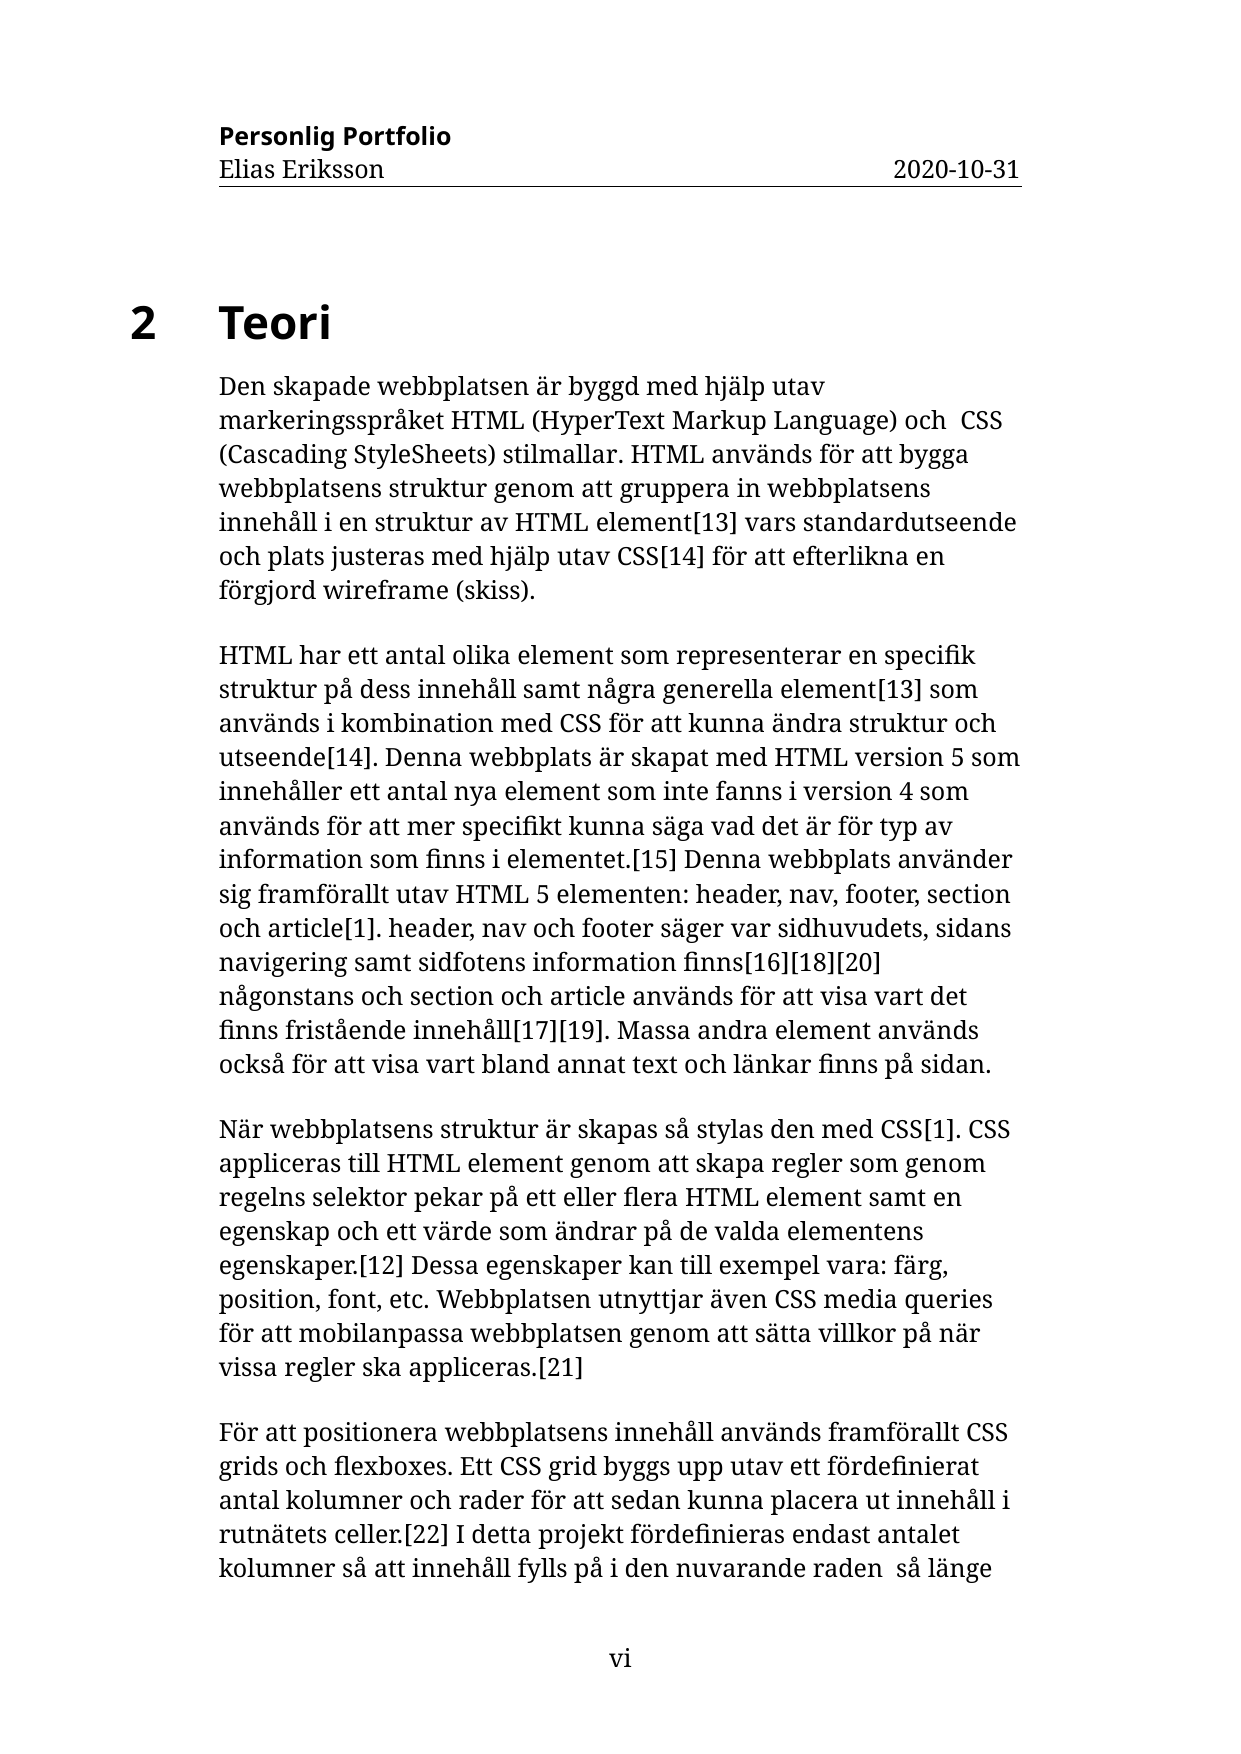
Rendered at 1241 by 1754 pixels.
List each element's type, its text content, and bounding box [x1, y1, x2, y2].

text HTML har ett antal olika element som representerar en specifik struktur på dess innehåll samt några generella element[13] som används i kombination med CSS för att kunna ändra struktur och utseende[14]. Denna webbplats är skapat med HTML version 5 som innehåller ett antal nya element som inte fanns i version 4 som används för att mer specifikt kunna säga vad det är för typ av information som finns i elementet.[15] Denna webbplats använder sig framförallt utav HTML 5 elementen: header, nav, footer, section och article[1]. header, nav och footer säger var sidhuvudets, sidans navigering samt sidfotens information finns[16][18][20] någonstans och section och article används för att visa vart det finns fristående innehåll[17][19]. Massa andra element används också för att visa vart bland annat text och länkar finns på sidan. [218, 638, 1022, 1081]
text Den skapade webbplatsen är byggd med hjälp utav markeringsspråket HTML (HyperText Markup Language) och CSS (Cascading StyleSheets) stilmallar. HTML används för att bygga webbplatsens struktur genom att gruppera in webbplatsens innehåll i en struktur av HTML element[13] vars standardutseende och plats justeras med hjälp utav CSS[14] för att efterlikna en förgjord wireframe (skiss). [218, 369, 1022, 607]
text För att positionera webbplatsens innehåll används framförallt CSS grids och flexboxes. Ett CSS grid byggs upp utav ett fördefinierat antal kolumner och rader för att sedan kunna placera ut innehåll i rutnätets celler.[22] I detta projekt fördefinieras endast antalet kolumner så att innehåll fylls på i den nuvarande raden så länge [218, 1414, 1022, 1585]
subtitle Teori [130, 291, 1022, 353]
text När webbplatsens struktur är skapas så stylas den med CSS[1]. CSS appliceras till HTML element genom att skapa regler som genom regelns selektor pekar på ett eller flera HTML element samt en egenskap och ett värde som ändrar på de valda elementens egenskaper.[12] Dessa egenskaper kan till exempel vara: färg, position, font, etc. Webbplatsen utnyttjar även CSS media queries för att mobilanpassa webbplatsen genom att sätta villkor på när vissa regler ska appliceras.[21] [218, 1111, 1022, 1384]
——————————
→ **ACTIVITY**: Retype only the stretch of lines above starting at the one with "text Den skapade" and stopping at the one with "subtitle Teori [130, 291, 1022, 353]", exactly as written, with both kept.

→ **RESPONSE FOR THIS EXERCISE**:
text Den skapade webbplatsen är byggd med hjälp utav markeringsspråket HTML (HyperText Markup Language) och CSS (Cascading StyleSheets) stilmallar. HTML används för att bygga webbplatsens struktur genom att gruppera in webbplatsens innehåll i en struktur av HTML element[13] vars standardutseende och plats justeras med hjälp utav CSS[14] för att efterlikna en förgjord wireframe (skiss). [218, 369, 1022, 607]
text För att positionera webbplatsens innehåll används framförallt CSS grids och flexboxes. Ett CSS grid byggs upp utav ett fördefinierat antal kolumner och rader för att sedan kunna placera ut innehåll i rutnätets celler.[22] I detta projekt fördefinieras endast antalet kolumner så att innehåll fylls på i den nuvarande raden så länge [218, 1414, 1022, 1585]
subtitle Teori [130, 291, 1022, 353]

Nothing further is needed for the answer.